Re: HELP: a few questions
From: | Dirk Elzinga <dirk_elzinga@...> |
Date: | Tuesday, August 20, 2002, 22:41 |
At 5:47 PM -0400 8/17/02, Jeff Jones wrote:
>On Thu, 15 Aug 2002 14:13:47 -0600, Dirk Elzinga <Dirk_Elzinga@...>
>wrote:
>
> >At 11:19 PM -0700 8/14/02, Jim Grossmann wrote:
> >>2nd: Has anyone experimented with chaining conlangs or other ways to
>>>eliminate grammatical subordination of clauses in a conlang?
>>
>>Haven't done this. I've always been fascinated by subordination, but
>>in my projects I like to turn subordinate clauses into what look like
>>noun phrases. I then claim that the language doesn't actually have
>>subordinate clauses, since they're really noun phrases. But that's
>>cheating.
>
>I also vaguely remember a discussion about chaining and/or serial verbs,
>also a year or 2 ago.
>
>Question for Dirk: are the languages where subordinate clauses are replaced
>with noun phrases kimited to 1 level of embedding, or can the noun phrases
>contain embedded noun phrases?
Do you mean natural languages or my constructed languages? The first
language where I did this was Shemspreg, and I don't think I ever had
occasion to use multiple embedding, so I couldn't tell you. Of
course, Shemspreg did allow genuine subordinate clauses alongside the
nominalized clause type.
Miapimoquitch also treats subordinate clauses as a kind of
nominalization, though I'm not happy with that characterization of
them. Here's a sentence which illustrates especially well the
"nominal" nature of subordinate clauses:
luppika asenpipite
luppi -ka a= se- n- RED- pite
muskrat:U -UN DS= 3POSS- TR- PAUC- see
'They saw a muskrat.' (lit: 'A muskrat was their seeing.')
The subordinate clause is marked first by a "determiner" which
indicates whether or not the subject of the embedded clause is
coreferential with the subject of the matrix clause (in this clause
it isn't). It is this determiner which gives the subordinate clause
its nominal character. A potentially misleading factor in this
sentence is that the root _pite_ 'see' takes a possessive marker for
a subject; it does this whether or not it is in the subordinate
clause (this is common to roots which denote perception and
cognition).

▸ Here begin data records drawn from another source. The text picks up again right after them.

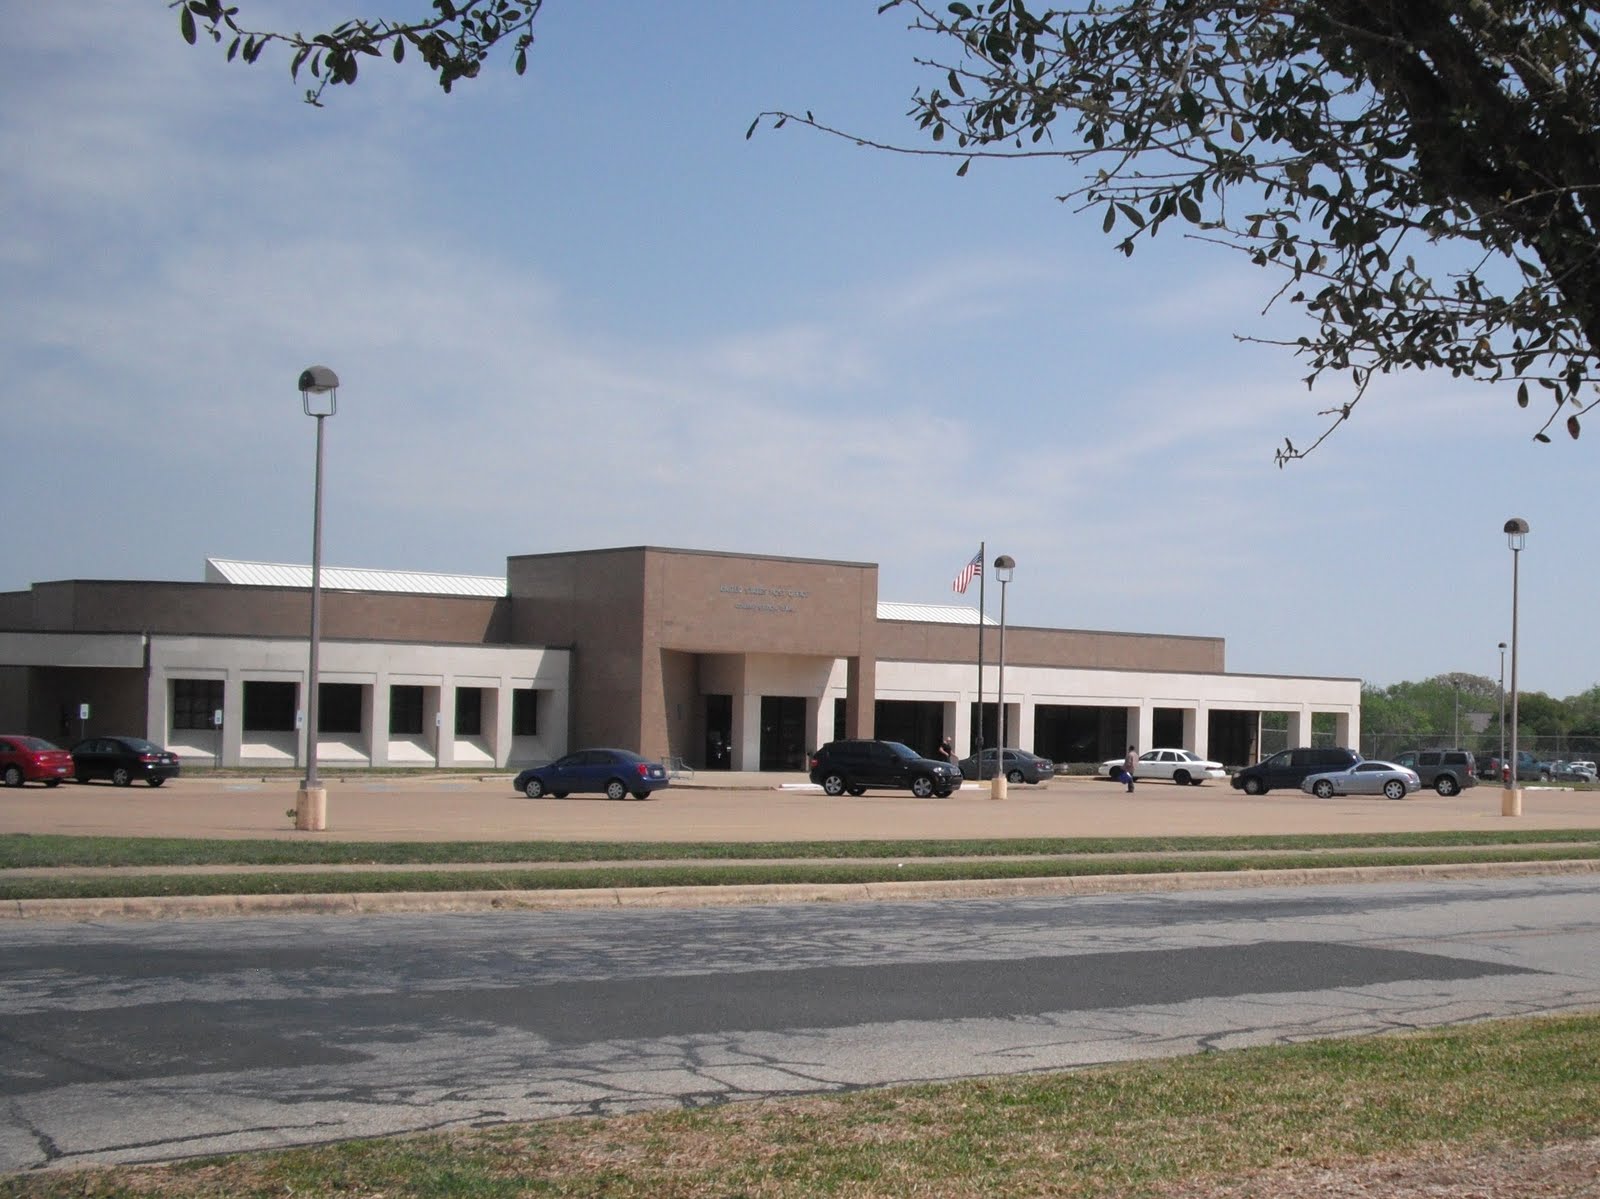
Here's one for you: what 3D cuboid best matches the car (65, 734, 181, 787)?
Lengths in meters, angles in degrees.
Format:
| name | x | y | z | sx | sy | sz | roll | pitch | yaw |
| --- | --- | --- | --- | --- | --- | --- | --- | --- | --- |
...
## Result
| name | x | y | z | sx | sy | sz | roll | pitch | yaw |
| --- | --- | --- | --- | --- | --- | --- | --- | --- | --- |
| car | -16.527 | 4.022 | 54.171 | 2.442 | 0.741 | 1.095 | 4 | 1 | 27 |

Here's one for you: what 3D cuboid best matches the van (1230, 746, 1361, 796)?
| name | x | y | z | sx | sy | sz | roll | pitch | yaw |
| --- | --- | --- | --- | --- | --- | --- | --- | --- | --- |
| van | 14.295 | 5.065 | 64.370 | 3.405 | 1.074 | 1.401 | -4 | -4 | 25 |

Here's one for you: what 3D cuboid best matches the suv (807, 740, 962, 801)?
| name | x | y | z | sx | sy | sz | roll | pitch | yaw |
| --- | --- | --- | --- | --- | --- | --- | --- | --- | --- |
| suv | 2.167 | 4.429 | 56.972 | 3.510 | 1.203 | 1.562 | -2 | -4 | 19 |

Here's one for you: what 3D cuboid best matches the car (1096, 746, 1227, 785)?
| name | x | y | z | sx | sy | sz | roll | pitch | yaw |
| --- | --- | --- | --- | --- | --- | --- | --- | --- | --- |
| car | 12.920 | 5.818 | 76.351 | 2.548 | 1.309 | 4.233 | 0 | -6 | 8 |

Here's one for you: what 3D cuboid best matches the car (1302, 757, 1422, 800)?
| name | x | y | z | sx | sy | sz | roll | pitch | yaw |
| --- | --- | --- | --- | --- | --- | --- | --- | --- | --- |
| car | 15.793 | 5.145 | 62.056 | 2.646 | 0.829 | 1.194 | 3 | -4 | 18 |

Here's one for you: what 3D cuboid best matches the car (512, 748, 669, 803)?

That is, a main clause with _pite_ as the root still
expresses the subject with a possessive marker:
ipitewa
n- pite -wa
TR- see -1POSS
'I/we saw him/her/them.'
I worked out some other sentences, but they take us too far afield.
Maybe in another post.
Dirk
--
Dirk Elzinga Dirk_Elzinga@byu.edu
Man deth swa he byth thonne he mot swa he wile.